START PROVIDED INFORMATION

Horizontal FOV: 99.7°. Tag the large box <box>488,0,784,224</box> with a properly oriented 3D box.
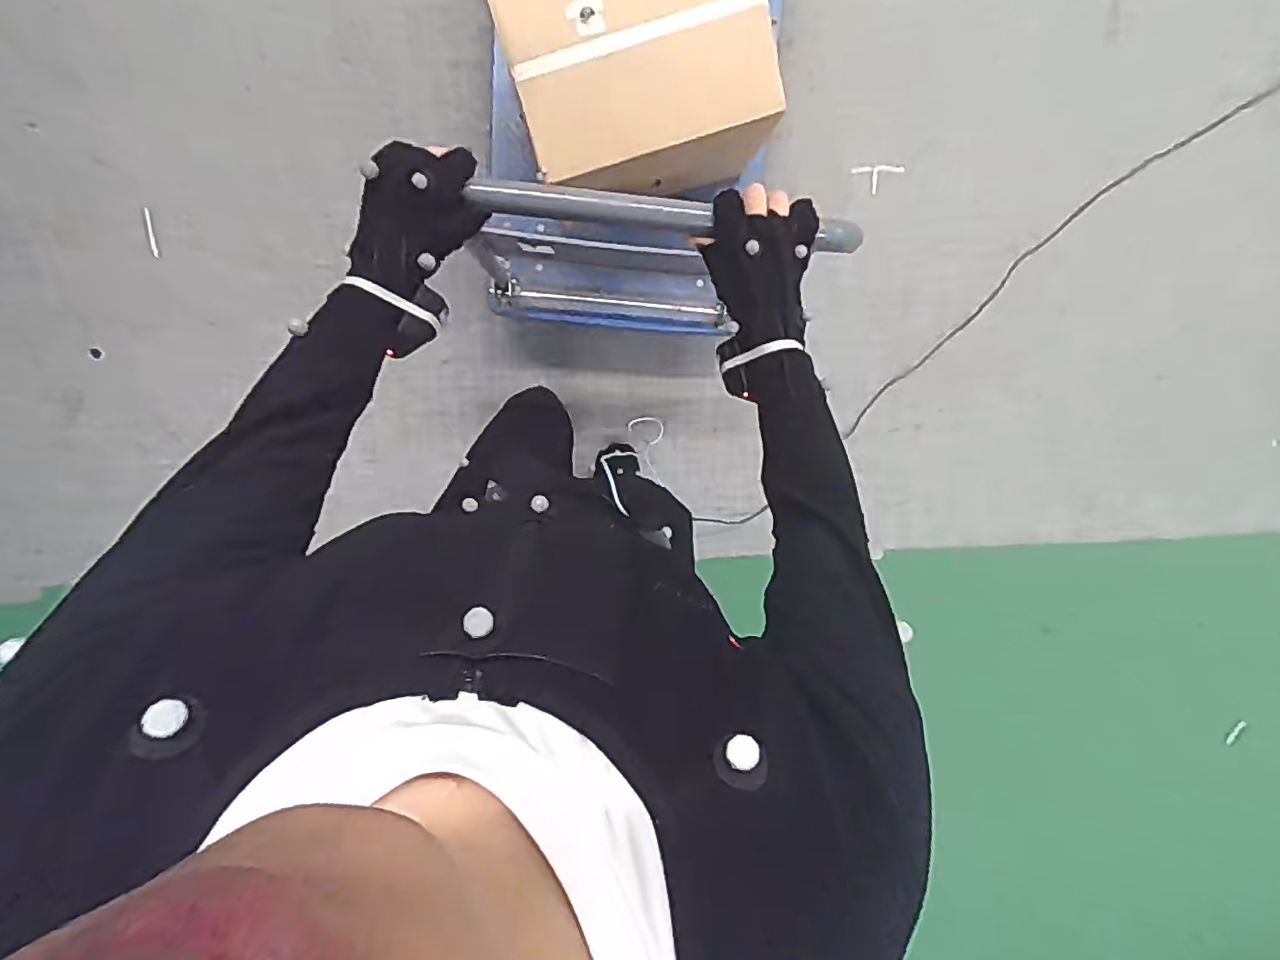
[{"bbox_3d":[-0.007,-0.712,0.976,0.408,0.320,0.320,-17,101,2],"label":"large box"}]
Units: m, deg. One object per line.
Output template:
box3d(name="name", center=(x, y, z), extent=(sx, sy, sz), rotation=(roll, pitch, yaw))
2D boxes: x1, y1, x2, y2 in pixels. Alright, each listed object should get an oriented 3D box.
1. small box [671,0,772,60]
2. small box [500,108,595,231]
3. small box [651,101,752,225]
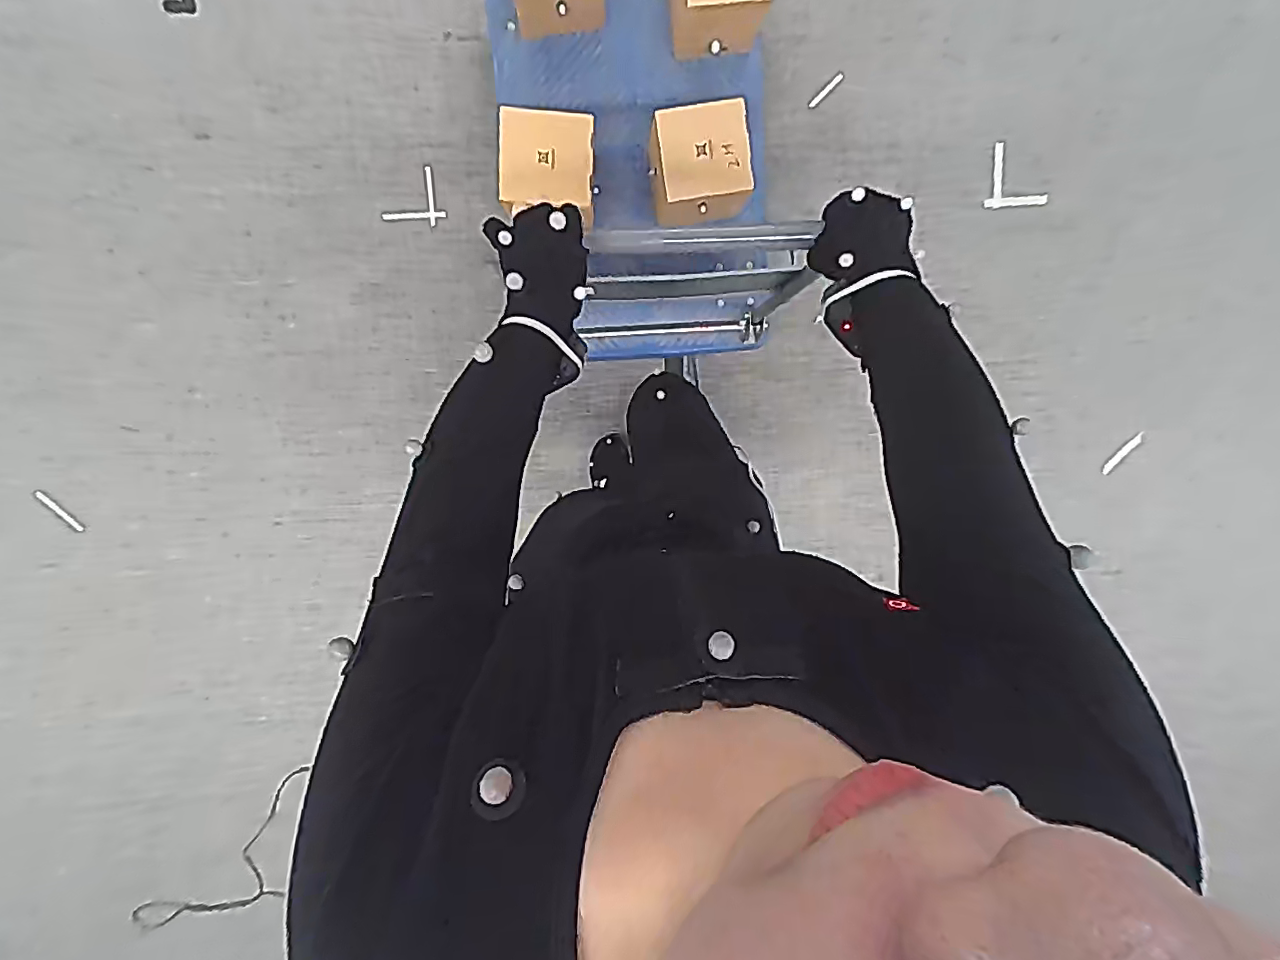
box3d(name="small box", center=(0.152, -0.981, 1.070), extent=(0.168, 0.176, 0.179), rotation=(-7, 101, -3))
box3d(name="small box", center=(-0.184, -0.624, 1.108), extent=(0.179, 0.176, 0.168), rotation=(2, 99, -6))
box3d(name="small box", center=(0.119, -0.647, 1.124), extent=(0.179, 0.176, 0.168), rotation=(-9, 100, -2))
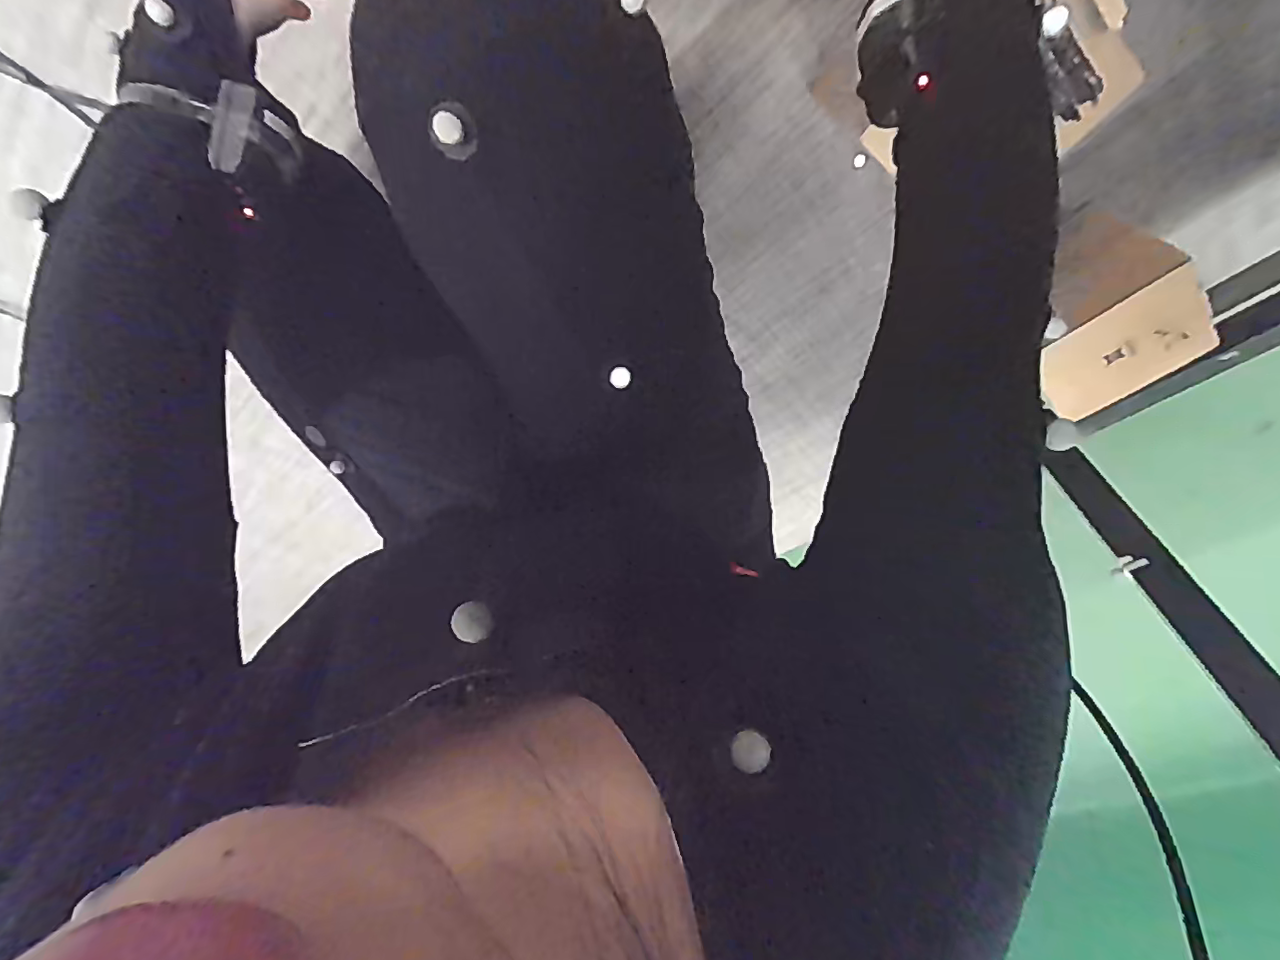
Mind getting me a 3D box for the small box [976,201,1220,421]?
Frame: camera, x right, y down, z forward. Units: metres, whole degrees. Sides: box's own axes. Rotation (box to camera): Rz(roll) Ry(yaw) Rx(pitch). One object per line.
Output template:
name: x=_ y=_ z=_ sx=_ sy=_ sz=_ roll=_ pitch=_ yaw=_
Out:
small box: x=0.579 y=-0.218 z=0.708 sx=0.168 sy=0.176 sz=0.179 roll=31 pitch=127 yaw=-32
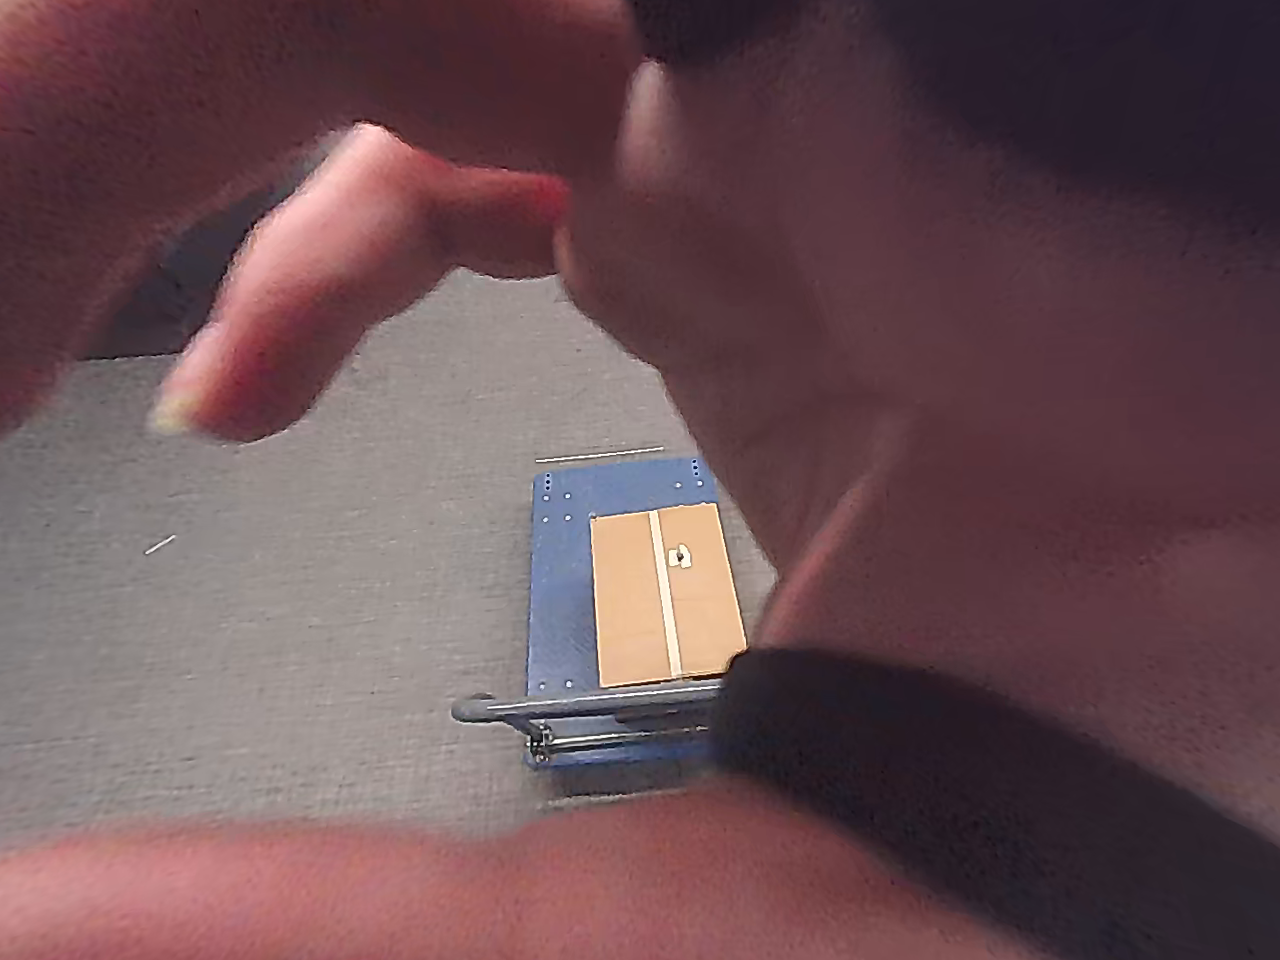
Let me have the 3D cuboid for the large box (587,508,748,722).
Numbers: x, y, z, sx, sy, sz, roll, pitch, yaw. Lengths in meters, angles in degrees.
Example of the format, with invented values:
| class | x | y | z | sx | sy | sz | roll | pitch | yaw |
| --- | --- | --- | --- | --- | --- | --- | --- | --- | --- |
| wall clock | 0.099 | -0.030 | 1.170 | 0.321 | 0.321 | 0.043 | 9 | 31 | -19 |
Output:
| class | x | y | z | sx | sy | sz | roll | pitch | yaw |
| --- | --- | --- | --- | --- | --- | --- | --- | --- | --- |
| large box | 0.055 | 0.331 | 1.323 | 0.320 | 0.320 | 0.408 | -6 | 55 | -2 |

END PROVIDED INFORMATION

WHAT TO PRODUCE –
In the data above, find the line with "Frame: camera, x" and the line with "Numbers: x, y, z, sx, sy, sz, roll, pitch, yaw.". Please copy exactly those two lines and every line between them, but not the pictures.

YOUR SOLUTION –
Frame: camera, x right, y down, z forward. Units: metres, whole degrees. Sides: box's own axes. Rotation (box to camera): Rz(roll) Ry(yaw) Rx(pitch). One object per line.
Output template:
name: x=_ y=_ z=_ sx=_ sy=_ sz=_ roll=_ pitch=_ yaw=_
Out:
small box: x=0.579 y=-0.218 z=0.708 sx=0.168 sy=0.176 sz=0.179 roll=31 pitch=127 yaw=-32
Let me have the 3D cuboid for the large box (587,508,748,722).
Numbers: x, y, z, sx, sy, sz, roll, pitch, yaw. Lengths in meters, angles in degrees.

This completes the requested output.